The voices largely faded away. The little bit we were getting, I guessed, was from the shotgun mike in my hand.
For the next five minutes we got little more than the sounds of a dog patting around the house, a voice occasionally coming in, then fading out. We each had one ear covered with a headphone, the other exposed so we could talk more easily to one another.
“This is hopeless,” Lawrence said. “We’re going to have to come up with another plan.”
“Like what? Wanna say sorry to the boys with a delivery of Big Macs, you can sneak some bugs into the special sauce?”

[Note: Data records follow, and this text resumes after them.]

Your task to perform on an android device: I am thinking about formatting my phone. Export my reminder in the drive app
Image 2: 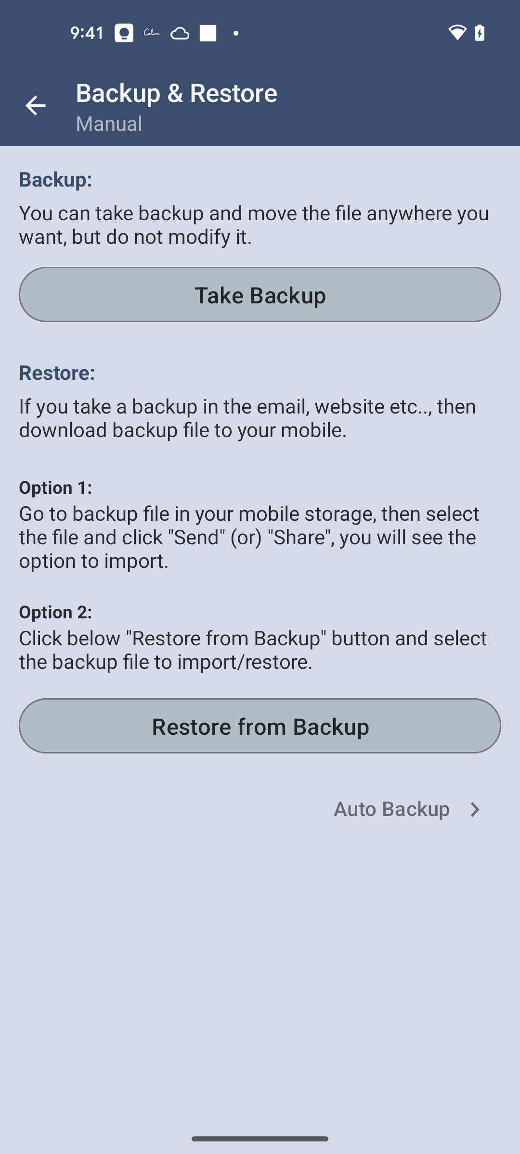
Click on the Take Backup button
Step 2: click (260, 294)
Image 3: 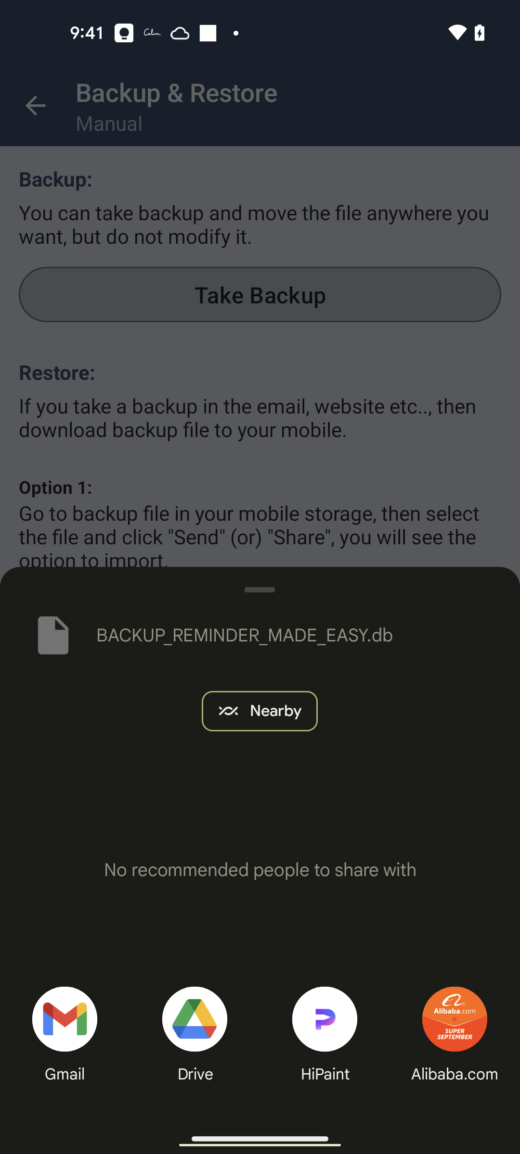
Click on the Drive
Step 3: click (195, 1074)
Image 4: 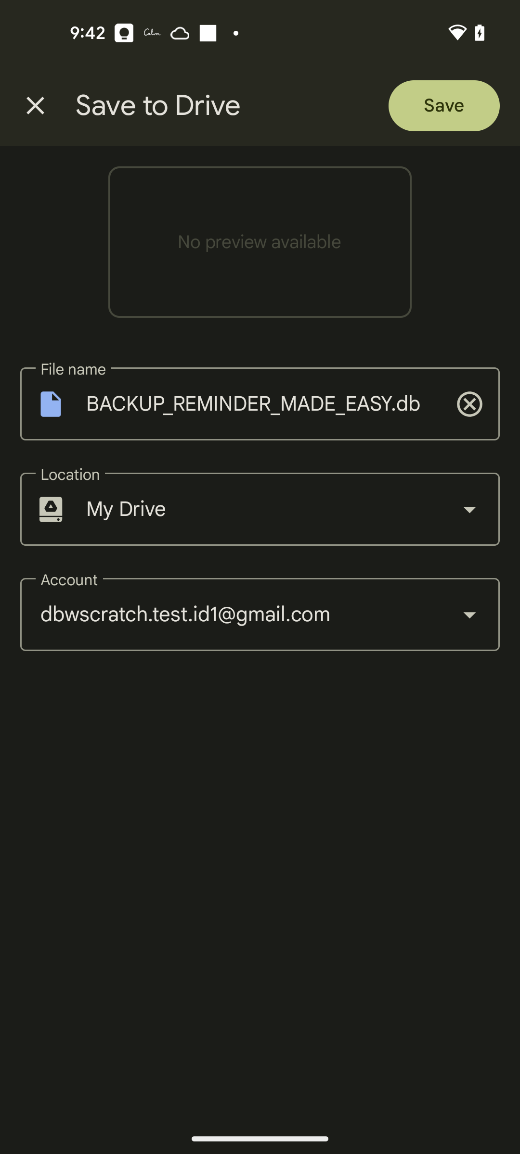
Click on the Save button at the top right of the screen
Step 4: click (444, 105)
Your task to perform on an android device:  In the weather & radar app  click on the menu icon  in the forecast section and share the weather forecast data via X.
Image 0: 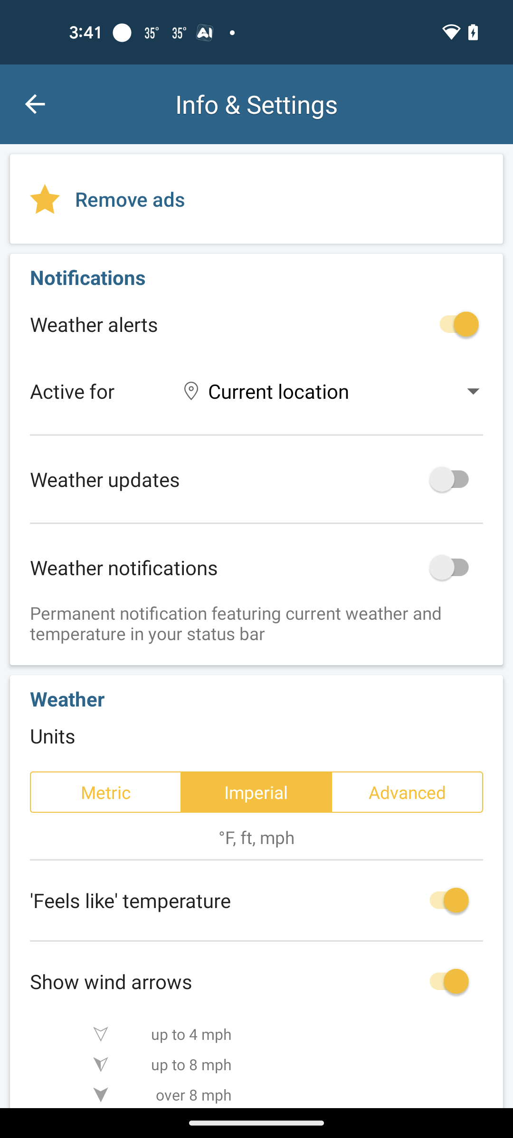
Go back to the ;previous page.
Step 0: press back button
Image 1: 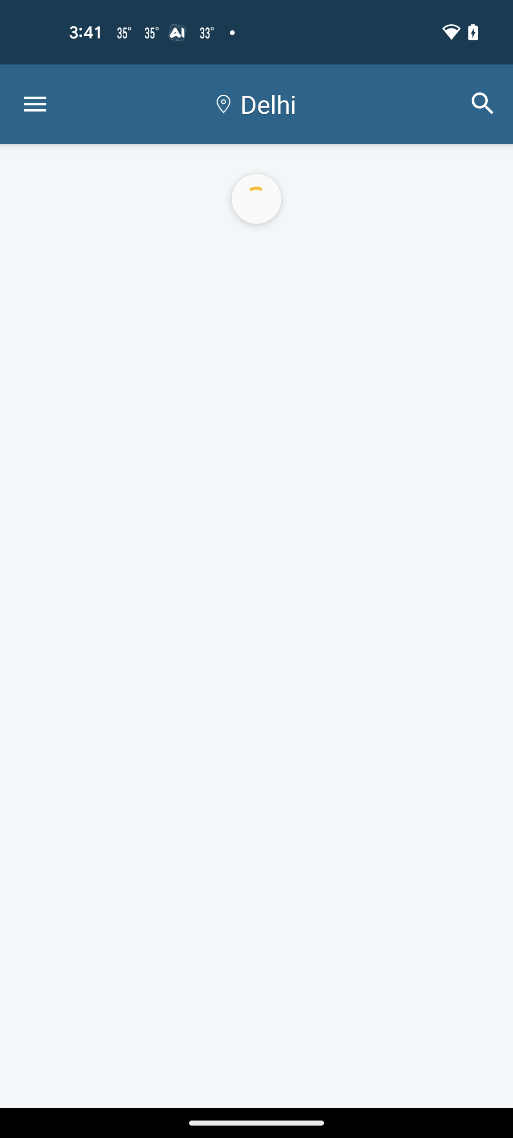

Lawrence looked pissed and frustrated. And then, from the headphones, clear as a bell:
“I’m gonna head out to the barn.” Wendell, I thought. “I could use a hand.”
“Yeah,” said Timmy.
The dog had returned to the kitchen, and was, I suspected, curled up again on the rug. I was steadying the shotgun mike, about to slip the other half of the headphones into place, when I heard some rustling behind me.
“Lawrence,” I said.
A few feet off, something bumping into branches. I set the shotgun mike onto the forest floor and reached slowly into my inside jacket pocket, where I’d tucked the can of bear spray Dad had found in Leonard Colebert’s backpack.
“There’s something out there,” I whispered. I was holding my breath, and I was betting Lawrence was, too. More rustling in the trees, about fifteen yards off to the left, it sounded like. The idea of encountering the bear in the daytime was scary enough. But the thought of running into him at night, that was truly terrifying.